**Task to carry out:**
A verbatim reproduction of every entry is the expected answer.

[Stored items from a collection]
----------
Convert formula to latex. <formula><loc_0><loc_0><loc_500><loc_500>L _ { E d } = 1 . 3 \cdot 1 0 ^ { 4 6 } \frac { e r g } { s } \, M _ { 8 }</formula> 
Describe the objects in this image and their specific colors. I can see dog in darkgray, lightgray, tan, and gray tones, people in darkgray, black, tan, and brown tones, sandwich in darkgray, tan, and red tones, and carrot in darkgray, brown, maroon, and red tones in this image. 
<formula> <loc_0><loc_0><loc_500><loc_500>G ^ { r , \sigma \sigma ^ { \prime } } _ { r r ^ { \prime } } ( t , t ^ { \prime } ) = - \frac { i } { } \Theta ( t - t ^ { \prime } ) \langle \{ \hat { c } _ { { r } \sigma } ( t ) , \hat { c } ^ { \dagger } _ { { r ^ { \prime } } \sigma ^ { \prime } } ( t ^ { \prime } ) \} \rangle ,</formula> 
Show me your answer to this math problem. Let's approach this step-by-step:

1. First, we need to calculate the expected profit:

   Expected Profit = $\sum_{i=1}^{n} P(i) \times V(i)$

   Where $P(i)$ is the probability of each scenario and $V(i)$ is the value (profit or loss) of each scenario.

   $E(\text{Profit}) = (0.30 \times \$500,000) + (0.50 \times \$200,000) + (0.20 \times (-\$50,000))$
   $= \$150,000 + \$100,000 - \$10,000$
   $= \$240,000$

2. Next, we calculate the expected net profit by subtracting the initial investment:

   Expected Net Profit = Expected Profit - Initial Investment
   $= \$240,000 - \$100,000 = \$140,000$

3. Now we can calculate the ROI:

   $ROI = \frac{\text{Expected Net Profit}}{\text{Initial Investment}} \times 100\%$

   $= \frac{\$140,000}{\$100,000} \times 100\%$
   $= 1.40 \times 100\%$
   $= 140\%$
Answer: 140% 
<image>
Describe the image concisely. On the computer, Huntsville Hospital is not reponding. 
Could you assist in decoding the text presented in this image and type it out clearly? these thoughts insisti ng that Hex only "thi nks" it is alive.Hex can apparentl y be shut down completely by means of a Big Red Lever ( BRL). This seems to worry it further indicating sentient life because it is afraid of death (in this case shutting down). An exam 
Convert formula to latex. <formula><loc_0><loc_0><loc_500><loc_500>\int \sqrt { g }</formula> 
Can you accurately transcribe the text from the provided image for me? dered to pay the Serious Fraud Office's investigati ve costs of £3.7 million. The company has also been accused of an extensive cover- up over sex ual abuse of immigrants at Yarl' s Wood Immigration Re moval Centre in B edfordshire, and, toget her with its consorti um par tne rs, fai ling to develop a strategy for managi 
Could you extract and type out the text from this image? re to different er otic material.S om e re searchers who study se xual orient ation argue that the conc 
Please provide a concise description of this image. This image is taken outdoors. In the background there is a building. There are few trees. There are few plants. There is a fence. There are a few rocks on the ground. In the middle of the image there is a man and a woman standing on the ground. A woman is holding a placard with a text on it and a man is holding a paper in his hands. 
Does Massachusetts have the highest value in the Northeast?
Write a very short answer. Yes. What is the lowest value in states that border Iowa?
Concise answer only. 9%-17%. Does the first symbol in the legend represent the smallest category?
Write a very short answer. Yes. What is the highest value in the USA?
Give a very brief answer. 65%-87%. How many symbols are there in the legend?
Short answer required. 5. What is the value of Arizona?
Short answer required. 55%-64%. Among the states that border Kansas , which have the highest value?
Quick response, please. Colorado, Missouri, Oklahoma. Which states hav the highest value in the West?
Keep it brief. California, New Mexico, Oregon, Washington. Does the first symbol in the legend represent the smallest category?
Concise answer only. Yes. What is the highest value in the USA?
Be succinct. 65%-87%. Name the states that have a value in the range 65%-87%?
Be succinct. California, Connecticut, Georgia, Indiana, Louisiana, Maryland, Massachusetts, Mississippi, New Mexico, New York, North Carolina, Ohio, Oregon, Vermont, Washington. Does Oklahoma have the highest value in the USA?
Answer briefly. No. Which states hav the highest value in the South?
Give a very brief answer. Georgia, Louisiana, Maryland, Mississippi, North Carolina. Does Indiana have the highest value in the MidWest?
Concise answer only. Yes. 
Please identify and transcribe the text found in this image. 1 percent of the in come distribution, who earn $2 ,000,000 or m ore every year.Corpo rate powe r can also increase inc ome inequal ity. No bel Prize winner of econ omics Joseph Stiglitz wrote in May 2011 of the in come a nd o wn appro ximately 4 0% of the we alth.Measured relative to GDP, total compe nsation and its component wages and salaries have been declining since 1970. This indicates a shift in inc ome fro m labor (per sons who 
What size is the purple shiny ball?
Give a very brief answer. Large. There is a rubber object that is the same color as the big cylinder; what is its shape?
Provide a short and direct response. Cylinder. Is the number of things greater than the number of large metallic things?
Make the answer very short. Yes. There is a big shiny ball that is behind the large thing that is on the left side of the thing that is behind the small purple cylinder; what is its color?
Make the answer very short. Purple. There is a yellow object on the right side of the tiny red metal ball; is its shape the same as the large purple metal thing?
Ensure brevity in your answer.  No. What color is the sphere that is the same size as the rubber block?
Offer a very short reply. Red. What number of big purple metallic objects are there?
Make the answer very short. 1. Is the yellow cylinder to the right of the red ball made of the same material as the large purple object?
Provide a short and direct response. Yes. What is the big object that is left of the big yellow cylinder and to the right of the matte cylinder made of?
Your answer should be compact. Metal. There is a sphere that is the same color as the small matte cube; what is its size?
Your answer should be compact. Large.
----------
**Finished task:**
Convert formula to latex. <formula><loc_0><loc_0><loc_500><loc_500>L _ { E d } = 1 . 3 \cdot 1 0 ^ { 4 6 } \frac { e r g } { s } \, M _ { 8 }</formula> 
Describe the objects in this image and their specific colors. I can see dog in darkgray, lightgray, tan, and gray tones, people in darkgray, black, tan, and brown tones, sandwich in darkgray, tan, and red tones, and carrot in darkgray, brown, maroon, and red tones in this image. 
<formula> <loc_0><loc_0><loc_500><loc_500>G ^ { r , \sigma \sigma ^ { \prime } } _ { r r ^ { \prime } } ( t , t ^ { \prime } ) = - \frac { i } { } \Theta ( t - t ^ { \prime } ) \langle \{ \hat { c } _ { { r } \sigma } ( t ) , \hat { c } ^ { \dagger } _ { { r ^ { \prime } } \sigma ^ { \prime } } ( t ^ { \prime } ) \} \rangle ,</formula> 
Show me your answer to this math problem. Let's approach this step-by-step:

1. First, we need to calculate the expected profit:

   Expected Profit = $\sum_{i=1}^{n} P(i) \times V(i)$

   Where $P(i)$ is the probability of each scenario and $V(i)$ is the value (profit or loss) of each scenario.

   $E(\text{Profit}) = (0.30 \times \$500,000) + (0.50 \times \$200,000) + (0.20 \times (-\$50,000))$
   $= \$150,000 + \$100,000 - \$10,000$
   $= \$240,000$

2. Next, we calculate the expected net profit by subtracting the initial investment:

   Expected Net Profit = Expected Profit - Initial Investment
   $= \$240,000 - \$100,000 = \$140,000$

3. Now we can calculate the ROI:

   $ROI = \frac{\text{Expected Net Profit}}{\text{Initial Investment}} \times 100\%$

   $= \frac{\$140,000}{\$100,000} \times 100\%$
   $= 1.40 \times 100\%$
   $= 140\%$
Answer: 140% 
<image>
Describe the image concisely. On the computer, Huntsville Hospital is not reponding. 
Could you assist in decoding the text presented in this image and type it out clearly? these thoughts insisti ng that Hex only "thi nks" it is alive.Hex can apparentl y be shut down completely by means of a Big Red Lever ( BRL). This seems to worry it further indicating sentient life because it is afraid of death (in this case shutting down). An exam 
Convert formula to latex. <formula><loc_0><loc_0><loc_500><loc_500>\int \sqrt { g }</formula> 
Can you accurately transcribe the text from the provided image for me? dered to pay the Serious Fraud Office's investigati ve costs of £3.7 million. The company has also been accused of an extensive cover- up over sex ual abuse of immigrants at Yarl' s Wood Immigration Re moval Centre in B edfordshire, and, toget her with its consorti um par tne rs, fai ling to develop a strategy for managi 
Could you extract and type out the text from this image? re to different er otic material.S om e re searchers who study se xual orient ation argue that the conc 
Please provide a concise description of this image. This image is taken outdoors. In the background there is a building. There are few trees. There are few plants. There is a fence. There are a few rocks on the ground. In the middle of the image there is a man and a woman standing on the ground. A woman is holding a placard with a text on it and a man is holding a paper in his hands. 
Does Massachusetts have the highest value in the Northeast?
Write a very short answer. Yes. What is the lowest value in states that border Iowa?
Concise answer only. 9%-17%. Does the first symbol in the legend represent the smallest category?
Write a very short answer. Yes. What is the highest value in the USA?
Give a very brief answer. 65%-87%. How many symbols are there in the legend?
Short answer required. 5. What is the value of Arizona?
Short answer required. 55%-64%. Among the states that border Kansas , which have the highest value?
Quick response, please. Colorado, Missouri, Oklahoma. Which states hav the highest value in the West?
Keep it brief. California, New Mexico, Oregon, Washington. Does the first symbol in the legend represent the smallest category?
Concise answer only. Yes. What is the highest value in the USA?
Be succinct. 65%-87%. Name the states that have a value in the range 65%-87%?
Be succinct. California, Connecticut, Georgia, Indiana, Louisiana, Maryland, Massachusetts, Mississippi, New Mexico, New York, North Carolina, Ohio, Oregon, Vermont, Washington. Does Oklahoma have the highest value in the USA?
Answer briefly. No. Which states hav the highest value in the South?
Give a very brief answer. Georgia, Louisiana, Maryland, Mississippi, North Carolina. Does Indiana have the highest value in the MidWest?
Concise answer only. Yes. 
Please identify and transcribe the text found in this image. 1 percent of the in come distribution, who earn $2 ,000,000 or m ore every year.Corpo rate powe r can also increase inc ome inequal ity. No bel Prize winner of econ omics Joseph Stiglitz wrote in May 2011 of the in come a nd o wn appro ximately 4 0% of the we alth.Measured relative to GDP, total compe nsation and its component wages and salaries have been declining since 1970. This indicates a shift in inc ome fro m labor (per sons who 
What size is the purple shiny ball?
Give a very brief answer. Large. There is a rubber object that is the same color as the big cylinder; what is its shape?
Provide a short and direct response. Cylinder. Is the number of things greater than the number of large metallic things?
Make the answer very short. Yes. There is a big shiny ball that is behind the large thing that is on the left side of the thing that is behind the small purple cylinder; what is its color?
Make the answer very short. Purple. There is a yellow object on the right side of the tiny red metal ball; is its shape the same as the large purple metal thing?
Ensure brevity in your answer.  No. What color is the sphere that is the same size as the rubber block?
Offer a very short reply. Red. What number of big purple metallic objects are there?
Make the answer very short. 1. Is the yellow cylinder to the right of the red ball made of the same material as the large purple object?
Provide a short and direct response. Yes. What is the big object that is left of the big yellow cylinder and to the right of the matte cylinder made of?
Your answer should be compact. Metal. There is a sphere that is the same color as the small matte cube; what is its size?
Your answer should be compact. Large.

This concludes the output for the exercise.